Authors: Kim van Alkemade
Visha smiled at the sound of her daughter’s chanting while she cut up the vegetables. Leaving the knife on the board, she dropped a nickel in the gas meter, struck a match, set the pot on the burner. In a smear of fat skimmed from the top of her last soup, she fried chopped onions, adding the sliced carrots and minced greens and a little salt. She put in the bone and let it heat through until she could almost smell meat, then wrapped her hands in towels to hold the pot under the tap while it filled with water. Setting it heavily back on the burner, she added the cut-up potatoes and put on the lid for the soup to simmer.
Not much of a meal, but it was almost payday. Tomorrow, after paying his Society dues, Harry would fill up the coin jar again.

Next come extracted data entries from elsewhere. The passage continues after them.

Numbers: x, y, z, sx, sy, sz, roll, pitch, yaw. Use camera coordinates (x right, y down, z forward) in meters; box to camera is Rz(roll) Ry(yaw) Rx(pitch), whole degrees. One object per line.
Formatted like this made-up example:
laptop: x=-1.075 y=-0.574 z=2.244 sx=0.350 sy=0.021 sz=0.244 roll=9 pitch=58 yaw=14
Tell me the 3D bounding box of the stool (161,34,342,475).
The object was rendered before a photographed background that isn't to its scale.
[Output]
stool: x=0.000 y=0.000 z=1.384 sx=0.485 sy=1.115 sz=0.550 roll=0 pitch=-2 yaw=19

Once he’d saved up enough to buy the fabrics and the patterns and hire a few piece workers, he’d get a contract for himself, deliver the finished goods for more than he’d spent on supplies and labor, reinvest the profits. He’d be a contactor of waists, and she’d be his wife, a new baby warm in her arms, its greedy mouth circling her nipple.
Sam came clattering up the stairs and into the kitchen, startling Visha from her daydreaming. “Home already,” she said, getting his lunch. Rachel left the buttons in their little piles and climbed up on a chair beside her brother. While he ate his cold potato and pickle, Rachel told him all about going to the factory. When their mother stepped out to go down the hall, Sam said, “One of the boys, he got a real baseball. We’re gonna get in a game before afternoon school and I’m the catcher.” Sam was already on his feet when Visha came back. “Gotta go early, Mama, so I can practice my spelling.” He winked at his sister then dashed out the door.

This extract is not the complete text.